Photography 1993-1999

”Venus Pudica on Lava”
1998

”Liberated Pudica”
1998

There could hardly be a more charged subject for an aging male artist to paint or sculpt than a nude female figure. Even the addition of the word “figure” at the end of the previous sentence seems charged with meaning. Why not just end with “female?” Or “woman” for that matter. Does the phrase “female figure” already reveal some level of objectification of the person? I don’t think so but I’m certainly thinking about it, yet again. While its a little burdensome to be having to check oneself, I can do it. And I think it’s a worthwhile effort.

Since Ancient Greece defined urban culture as we know it, as well as one of the quintessential poses for a woman depicted in sculpture, (even if she was to be the embodiment of a god) was the “Venus Pudica.” Entire books have been written about the tradition of this pose through the ages, as well as what was intended and perhaps unintentionally communicated about men’s attitudes towards women, women’s own ideologies about themselves, the nature of sexual power, idealization of form, the power of seeing vs. being seen and so much more.A simple google search will yield hundreds of articles from stodgy art historians, to raging feminists and even new wave anti-feminists about what this painting and sculpture reveal about this range of subjects.

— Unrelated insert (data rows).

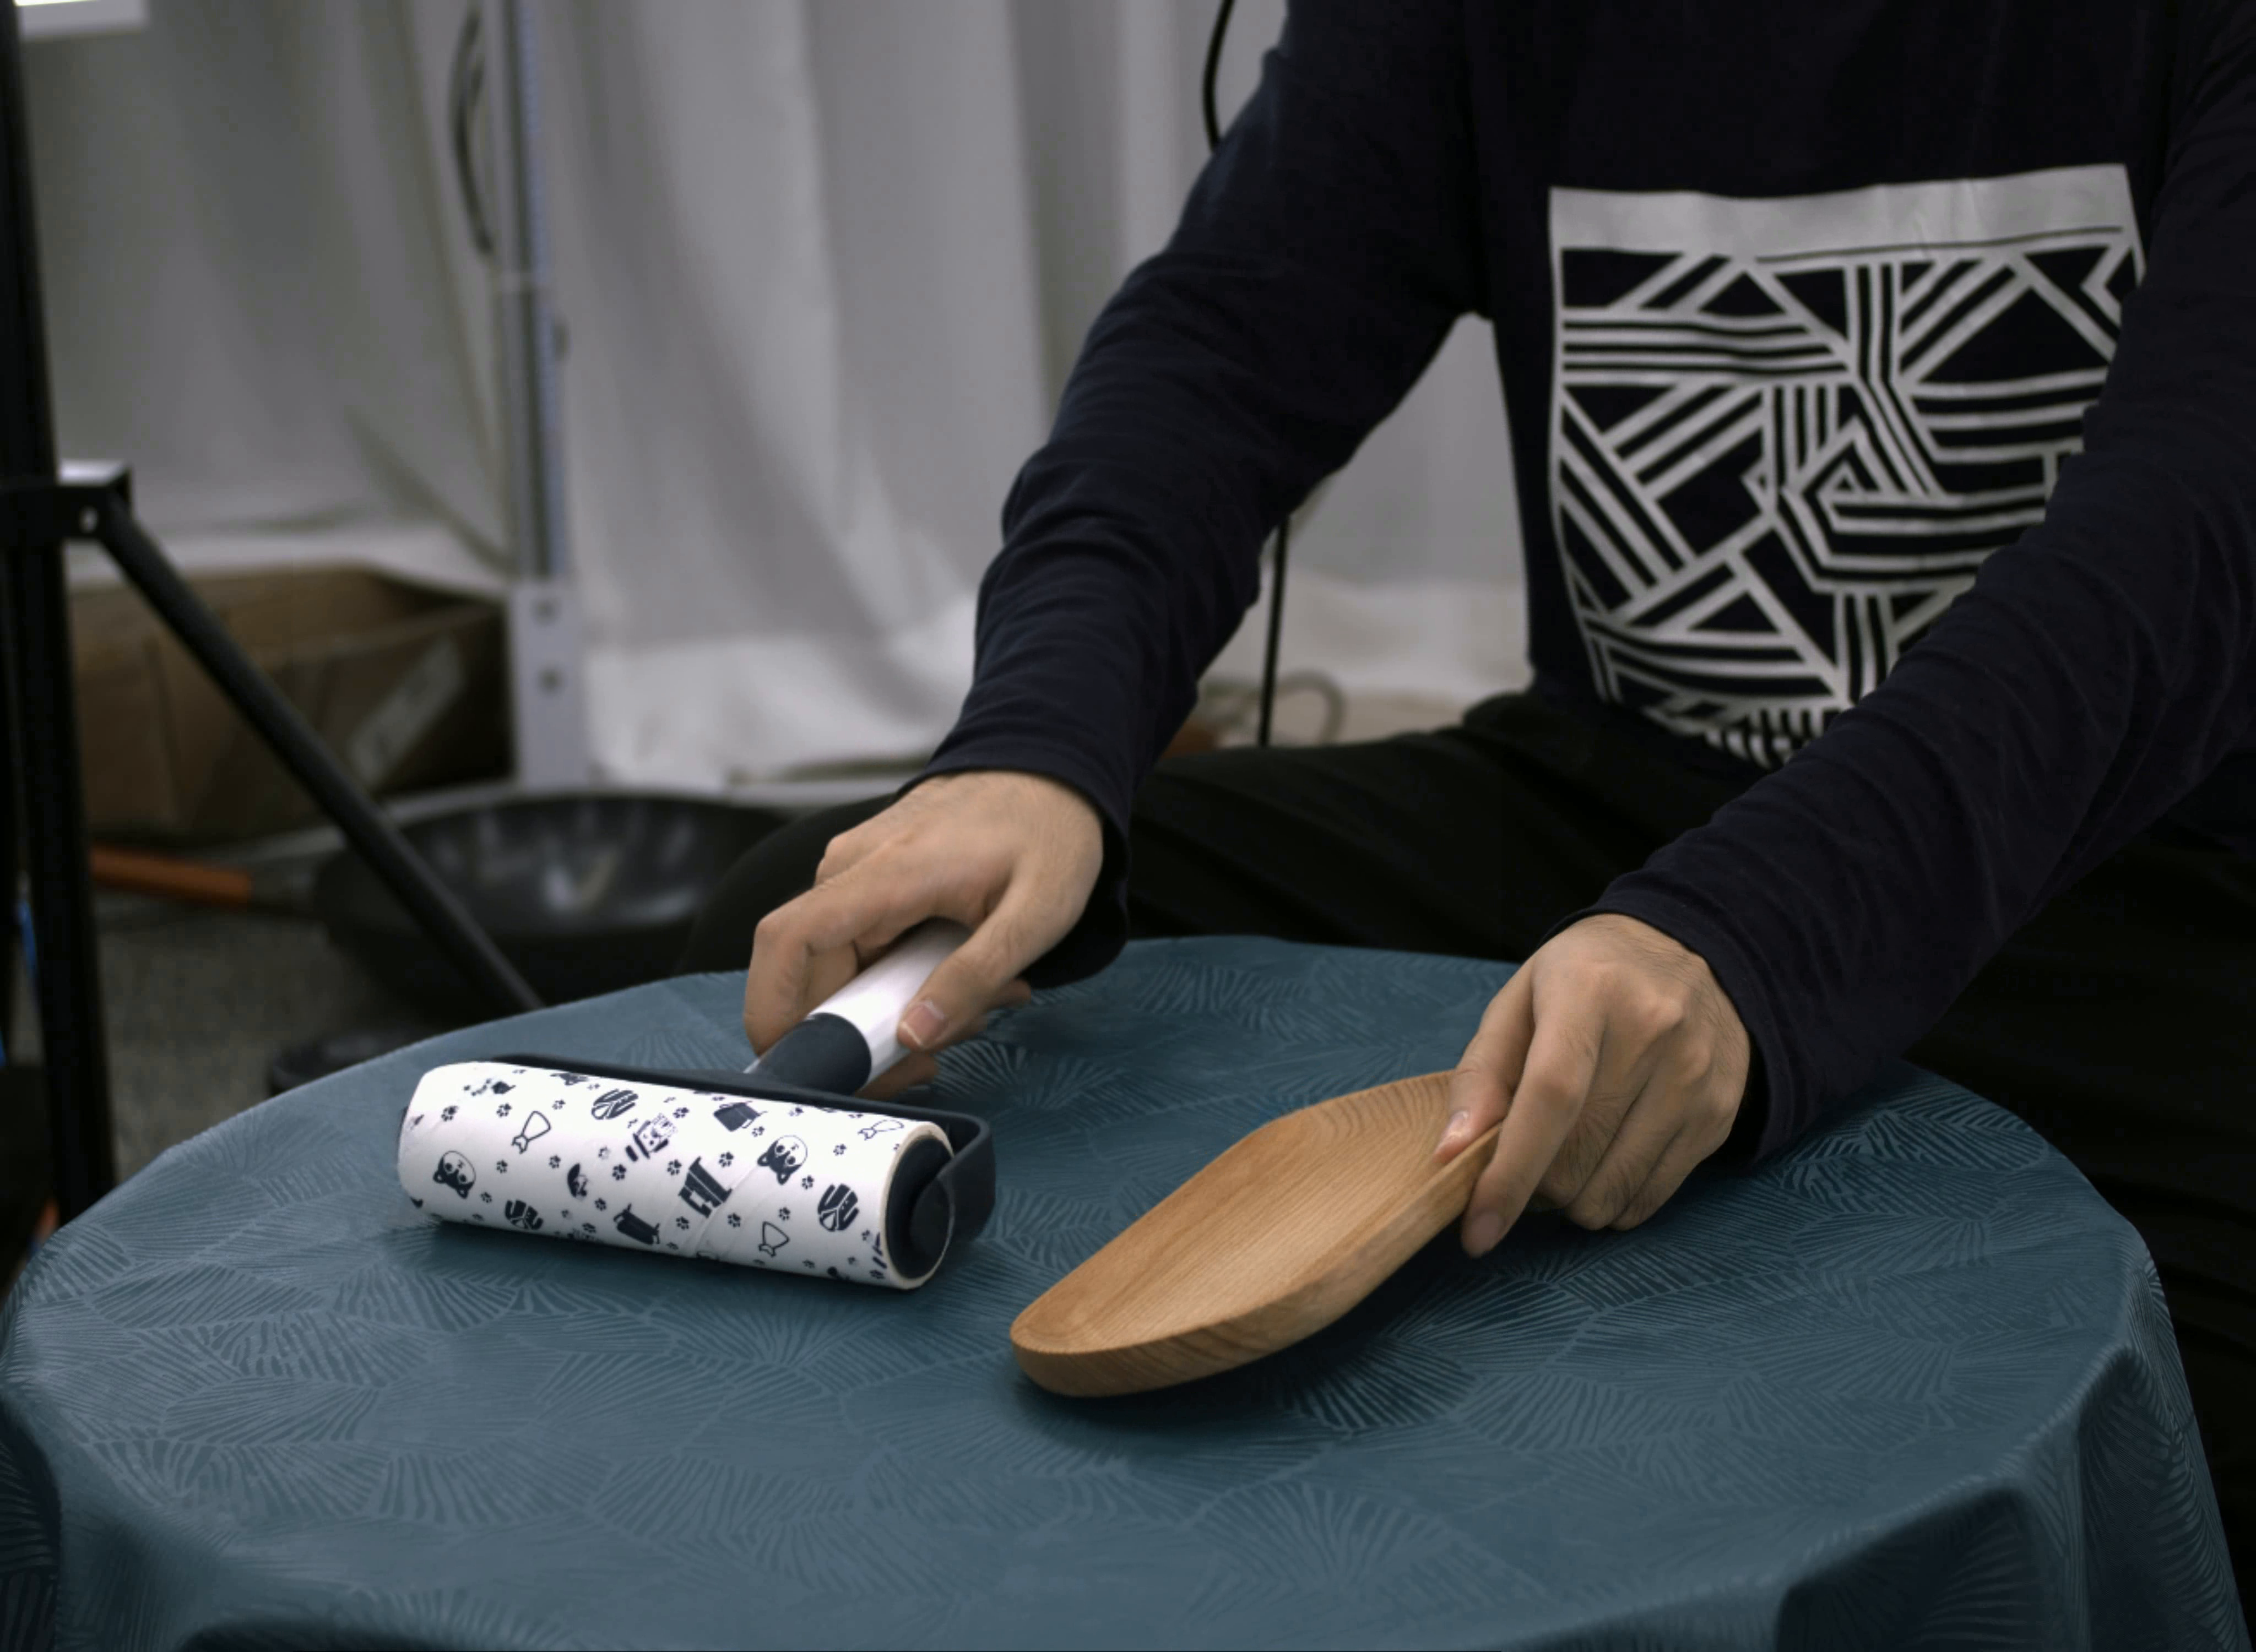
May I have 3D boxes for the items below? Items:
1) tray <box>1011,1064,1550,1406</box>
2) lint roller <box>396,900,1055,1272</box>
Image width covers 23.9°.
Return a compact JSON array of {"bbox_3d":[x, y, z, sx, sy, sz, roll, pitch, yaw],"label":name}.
[{"bbox_3d":[0.046,0.111,1.468,0.103,0.020,0.228,-14,11,29],"label":"tray"},{"bbox_3d":[-0.086,0.064,1.610,0.179,0.050,0.243,5,22,26],"label":"lint roller"}]

As if this wasn’t complicated enough, the invention of photography in the 19th century added another level of complexity since the photograph was ostensibly the record of an actual woman… not the depiction of an artists’ imagination and effort no matter how realistically portrayed. And then photography went beyond the artist/photographer/expert into the hands of anybody that wanted one… men and women. And then pornography and eventually pornography specifically for women to consume and finally… catching up to the moment of porn for everyone, all the time, on the internet and largely created and produced by women.   Wow, we have come a long way from Praxiteles’ (a man) first sculpture of a woman slightly bent over and holding her arms and hands in such a way to hide the sexual areas of her body 3,000 years ago.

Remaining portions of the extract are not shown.